On a technical level, though, it also demonstrates how vulnerable this supposedly resilient mode of communication has become.

The Daily Stormer, which spreads neo-Nazi propaganda using cartoon frogs and anime avatars, was far from the most beloved page on the web.

The site had already relocated to a Russian domain after multiple U.S. registrars cancelled its name registration.

Then Matthew Prince, chief executive of content network provider Cloudflare, delivered the decisive blow, explaining in a company-wide email that "the people behind the Daily Stormer are a....... and I'd had enough".

Cloudflare was capable of shutting down The Daily Stormer thanks to the critical role the company plays in our internet infrastructure.

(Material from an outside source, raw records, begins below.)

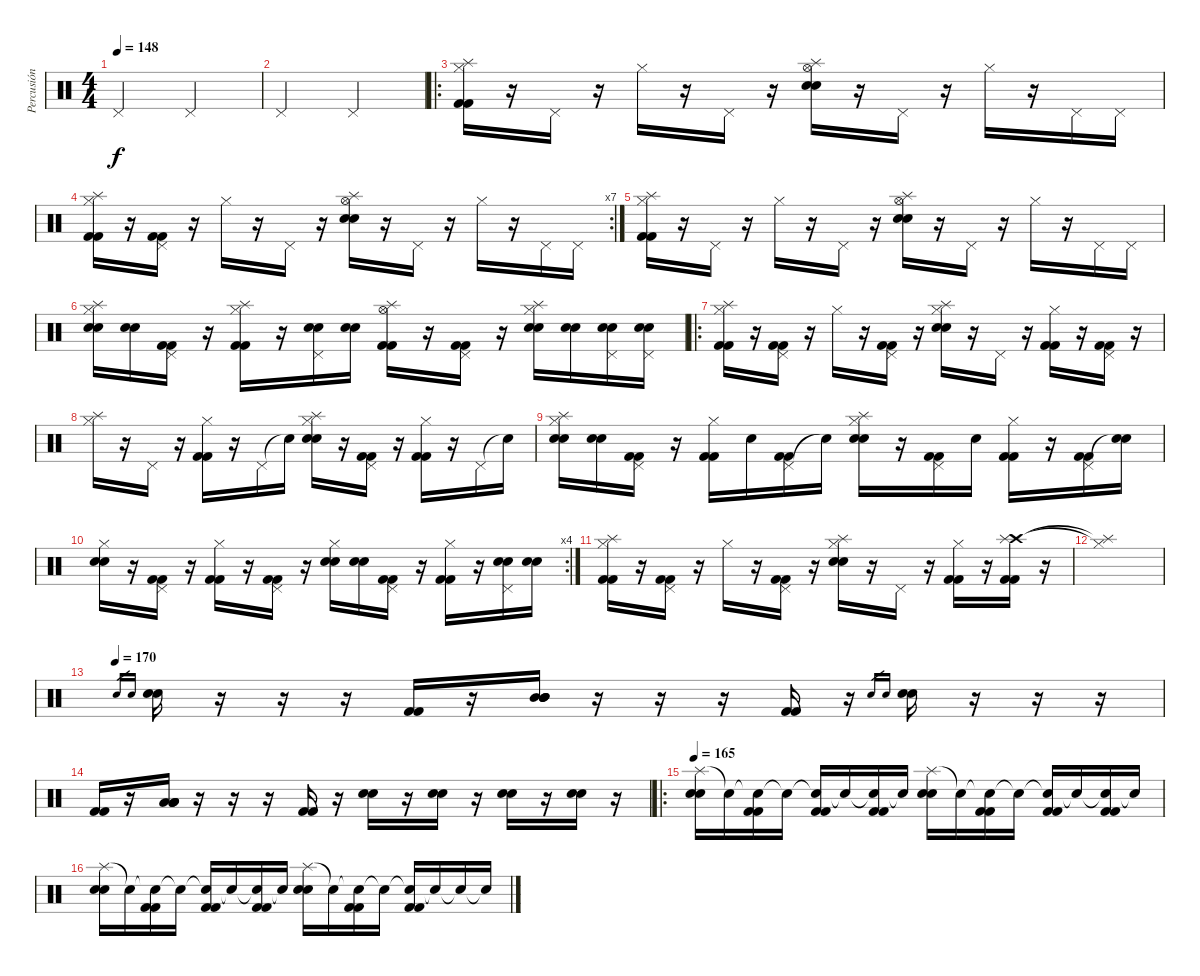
\track ("Percusión" "Percusión") {instrument percussion}
\staff {score}
\articulation defaults
\ts (4 4)
\tempo 148
\clef neutral
\ks c "Pedal Hi-Hat (hit)".2{dy f} "Pedal Hi-Hat (hit)".2
|
"Pedal Hi-Hat (hit)".2 "Pedal Hi-Hat (hit)".2 |
\ro
("Hi-Hat (closed)" "Splash (hit)" "Kick (hit) 2" "Kick (hit) 2").16 r.16 "Pedal Hi-Hat (hit)".16 r.16 "Hi-Hat (closed)".16 r.16 "Pedal Hi-Hat (hit)".16 r.16 ("Hi-Hat (open)" "Splash (hit)" "Electric Snare (hit)" "Electric Snare (hit)").16 r.16 "Pedal Hi-Hat (hit)".16 r.16 "Hi-Hat (closed)".16 r.16 "Pedal Hi-Hat (hit)".16 "Pedal Hi-Hat (hit)".16 |
\rc 7
("Hi-Hat (closed)" "Splash (hit)" "Kick (hit) 2" "Kick (hit) 2").16 r.16 ("Pedal Hi-Hat (hit)" "Kick (hit) 2" "Kick (hit) 2").16 r.16 "Hi-Hat (closed)".16 r.16 "Pedal Hi-Hat (hit)".16 r.16 ("Hi-Hat (open)" "Splash (hit)" "Electric Snare (hit)" "Electric Snare (hit)").16 r.16 "Pedal Hi-Hat (hit)".16 r.16 "Hi-Hat (closed)".16 r.16 "Pedal Hi-Hat (hit)".16 "Pedal Hi-Hat (hit)".16 |
("Hi-Hat (closed)" "Splash (hit)" "Kick (hit) 2" "Kick (hit) 2").16 r.16 "Pedal Hi-Hat (hit)".16 r.16 "Hi-Hat (closed)".16 r.16 "Pedal Hi-Hat (hit)".16 r.16 ("Hi-Hat (open)" "Splash (hit)" "Electric Snare (hit)" "Electric Snare (hit)").16 r.16 "Pedal Hi-Hat (hit)".16 r.16 "Hi-Hat (closed)".16 r.16 "Pedal Hi-Hat (hit)".16 "Pedal Hi-Hat (hit)".16 |
("Hi-Hat (closed)" "Splash (hit)" "Electric Snare (hit)" "Electric Snare (hit)").16 ("Electric Snare (hit)" "Electric Snare (hit)").16 ("Pedal Hi-Hat (hit)" "Kick (hit) 2" "Kick (hit) 2").16 r.16 ("Hi-Hat (closed)" "Splash (hit)" "Kick (hit) 2" "Kick (hit) 2").16 r.16 ("Pedal Hi-Hat (hit)" "Electric Snare (hit)" "Electric Snare (hit)").16 ("Electric Snare (hit)" "Electric Snare (hit)").16 ("Hi-Hat (open)" "Splash (hit)" "Kick (hit) 2" "Kick (hit) 2").16 r.16 ("Pedal Hi-Hat (hit)" "Kick (hit) 2" "Kick (hit) 2").16 r.16 ("Hi-Hat (closed)" "Splash (hit)" "Electric Snare (hit)" "Electric Snare (hit)").16 ("Electric Snare (hit)" "Electric Snare (hit)").16 ("Pedal Hi-Hat (hit)" "Electric Snare (hit)" "Electric Snare (hit)").16 ("Pedal Hi-Hat (hit)" "Electric Snare (hit)" "Electric Snare (hit)").16 |
\ro
("Hi-Hat (closed)" "Splash (hit)" "Kick (hit) 2" "Kick (hit) 2").16 r.16 ("Pedal Hi-Hat (hit)" "Kick (hit) 2" "Kick (hit) 2").16 r.16 "Hi-Hat (closed)".16 r.16 ("Pedal Hi-Hat (hit)" "Kick (hit) 2" "Kick (hit) 2").16 r.16 ("Hi-Hat (closed)" "Splash (hit)" "Electric Snare (hit)" "Electric Snare (hit)").16 r.16 "Pedal Hi-Hat (hit)".16 r.16 ("Hi-Hat (closed)" "Kick (hit) 2" "Kick (hit) 2").16 r.16 ("Pedal Hi-Hat (hit)" "Kick (hit) 2" "Kick (hit) 2").16 r.16 |
("Hi-Hat (closed)" "Splash (hit)").16 r.16 "Pedal Hi-Hat (hit)".16 r.16 ("Hi-Hat (closed)" "Kick (hit) 2" "Kick (hit) 2").16 r.16 "Pedal Hi-Hat (hit)".16 "Snare (hit)"{t}.16 ("Hi-Hat (closed)" "Splash (hit)" "Electric Snare (hit)" "Electric Snare (hit)").16 r.16 ("Pedal Hi-Hat (hit)" "Kick (hit) 2" "Kick (hit) 2").16 r.16 ("Hi-Hat (closed)" "Kick (hit) 2" "Kick (hit) 2").16 r.16 "Pedal Hi-Hat (hit)".16 "Snare (hit)"{t}.16 |
("Hi-Hat (closed)" "Splash (hit)" "Electric Snare (hit)" "Electric Snare (hit)").16 ("Electric Snare (hit)" "Electric Snare (hit)").16 ("Pedal Hi-Hat (hit)" "Kick (hit) 2" "Kick (hit) 2").16 r.16 ("Hi-Hat (closed)" "Kick (hit) 2" "Kick (hit) 2").16 "Electric Snare (hit)".16 ("Pedal Hi-Hat (hit)" "Kick (hit) 2" "Kick (hit) 2").16 "Snare (hit)"{t}.16 ("Hi-Hat (closed)" "Splash (hit)" "Electric Snare (hit)" "Electric Snare (hit)").16 r.16 ("Pedal Hi-Hat (hit)" "Kick (hit) 2" "Kick (hit) 2").16 "Electric Snare (hit)".16 ("Hi-Hat (closed)" "Kick (hit) 2" "Kick (hit) 2").16 r.16 ("Pedal Hi-Hat (hit)" "Kick (hit) 2" "Kick (hit) 2").16 ("Snare (hit)"{t} "Electric Snare (hit)").16 |
\rc 4
("Hi-Hat (closed)" "Electric Snare (hit)" "Electric Snare (hit)").16 r.16 ("Pedal Hi-Hat (hit)" "Kick (hit) 2" "Kick (hit) 2").16 r.16 ("Hi-Hat (closed)" "Kick (hit) 2" "Kick (hit) 2").16 r.16 ("Pedal Hi-Hat (hit)" "Kick (hit) 2" "Kick (hit) 2").16 r.16 ("Hi-Hat (closed)" "Electric Snare (hit)" "Electric Snare (hit)").16 ("Electric Snare (hit)" "Electric Snare (hit)").16 ("Pedal Hi-Hat (hit)" "Kick (hit) 2" "Kick (hit) 2").16 r.16 ("Hi-Hat (closed)" "Kick (hit) 2" "Kick (hit) 2").16 r.16 ("Pedal Hi-Hat (hit)" "Electric Snare (hit)" "Electric Snare (hit)").16 ("Electric Snare (hit)" "Electric Snare (hit)").16 |
("Hi-Hat (closed)" "Splash (hit)" "Kick (hit) 2" "Kick (hit) 2").16 r.16 ("Pedal Hi-Hat (hit)" "Kick (hit) 2" "Kick (hit) 2").16 r.16 "Hi-Hat (closed)".16 r.16 ("Pedal Hi-Hat (hit)" "Kick (hit) 2" "Kick (hit) 2").16 r.16 ("Hi-Hat (closed)" "Splash (hit)" "Electric Snare (hit)" "Electric Snare (hit)").16 r.16 "Pedal Hi-Hat (hit)".16 r.16 ("Hi-Hat (closed)" "Kick (hit) 2" "Kick (hit) 2").16 r.16 ("Crash high (hit)" "Splash (hit)" "Kick (hit) 2" "Kick (hit) 2").16 r.16 |
("Hi-Hat (closed)"{t} "Splash (hit)"{t}).1 |
\tempo (170)
"Electric Snare (hit)".16{gr} "Electric Snare (hit)".16{gr} ("Electric Snare (hit)" "Electric Snare (hit)").16 r.16 r.16 r.16 ("Kick (hit) 2" "Kick (hit) 2").16 r.16 ("Mid Tom (hit)" "Mid Tom (hit)" "Mid Tom (hit)" "Mid Tom (hit)").16 r.16 r.16 r.16 ("Kick (hit) 2" "Kick (hit) 2").16 r.16 "Electric Snare (hit)".16{gr} "Electric Snare (hit)".16{gr} ("Electric Snare (hit)" "Electric Snare (hit)").16 r.16 r.16 r.16 |
("Kick (hit) 2" "Kick (hit) 2").16 r.16 ("Low Tom (hit)" "Low Tom (hit)" "Low Tom (hit)" "Low Tom (hit)").16 r.16 r.16 r.16 ("Kick (hit) 2" "Kick (hit) 2").16 r.16 ("Electric Snare (hit)" "Electric Snare (hit)").16 r.16 ("Electric Snare (hit)" "Electric Snare (hit)").16 r.16 ("Electric Snare (hit)" "Electric Snare (hit)").16 r.16 ("Electric Snare (hit)" "Electric Snare (hit)").16 r.16 |
\ro
\tempo 165
("Splash (hit)" "Electric Snare (hit)" "Electric Snare (hit)").16 "Snare (hit)"{t}.16 ("Snare (hit)"{t} "Kick (hit) 2" "Kick (hit) 2").16 "Snare (hit)"{t}.16 ("Snare (hit)"{t} "Kick (hit) 2" "Kick (hit) 2").16 "Snare (hit)"{t}.16 ("Snare (hit)"{t} "Kick (hit) 2" "Kick (hit) 2").16 "Snare (hit)"{t}.16 ("Splash (hit)" "Electric Snare (hit)" "Electric Snare (hit)").16 "Snare (hit)"{t}.16 ("Snare (hit)"{t} "Kick (hit) 2" "Kick (hit) 2").16 "Snare (hit)"{t}.16 ("Snare (hit)"{t} "Kick (hit) 2" "Kick (hit) 2").16 "Snare (hit)"{t}.16 ("Snare (hit)"{t} "Kick (hit) 2" "Kick (hit) 2").16 "Snare (hit)"{t}.16 |
("Splash (hit)" "Electric Snare (hit)" "Electric Snare (hit)").16 "Snare (hit)"{t}.16 ("Snare (hit)"{t} "Kick (hit) 2" "Kick (hit) 2").16 "Snare (hit)"{t}.16 ("Snare (hit)"{t} "Kick (hit) 2" "Kick (hit) 2").16 "Snare (hit)"{t}.16 ("Snare (hit)"{t} "Kick (hit) 2" "Kick (hit) 2").16 "Snare (hit)"{t}.16 ("Splash (hit)" "Electric Snare (hit)" "Electric Snare (hit)").16 "Snare (hit)"{t}.16 ("Snare (hit)"{t} "Kick (hit) 2" "Kick (hit) 2").16 "Snare (hit)"{t}.16 ("Snare (hit)"{t} "Kick (hit) 2" "Kick (hit) 2").16 "Snare (hit)"{t}.16 "Snare (hit)"{t}.16 "Snare (hit)"{t}.16

When you visit a website, you're not connecting to a local server - the site would be far too slow for readers on the other side of the globe. You're actually connecting to a content delivery network that caches copies of this site in data centres all around the world.

By distributing traffic across hundreds of servers, such networks respond quickly to visitors while protecting sites against denial of service attacks - attempts to make a service unavailable by overwhelming it with junk traffic from networks of bots.

These days, hackers can rent a botnet for as little as $20 an hour, which makes services like Cloudflare essential for sites that might provoke vigilante botnet attacks.

Although Cloudflare's terms of service allow it to terminate users at its own discretion - and it wouldn't be alone in doing so - the company has long sought to take a neutral stance.

It has faced criticism for serving ISIS propaganda sites and enabling the spread of malware and pirated content, and has argued that its job was to maintain the pipes, not monitor them.

Recognising that his approach toward the neo-Nazis represented a departure, Prince emphasised that the state of affairs was not optimal: "Literally, I woke up in a bad mood and decided someone shouldn't be allowed on the Internet. No-one should have that power."

Indeed, this is not how the internet was supposed to work.

It was designed to be a decentralised communications system with enough distributed capacity to survive a nuclear strike.

But over the years, economies of scale have led sites and services to pile into just a few infrastructure providers like Cloudflare, leaving large portions of the internet vulnerable at multiple levels.

Last October, an attack on a domain-name service provider disabled many popular sites for most of a day.

And now we see that the internet is vulnerable to the mood swings of a content delivery network chief executive.

Prince recommends that a legal framework be established for content restrictions, so that censorship decisions aren't dominated by a handful of providers.

If we create a content regulation framework, we may be resigning ourselves to an internet controlled by a few common carriers.

That would be unfortunate, because the whole point of the internet's distributed structure is to allow information to get around points of failure or blockage.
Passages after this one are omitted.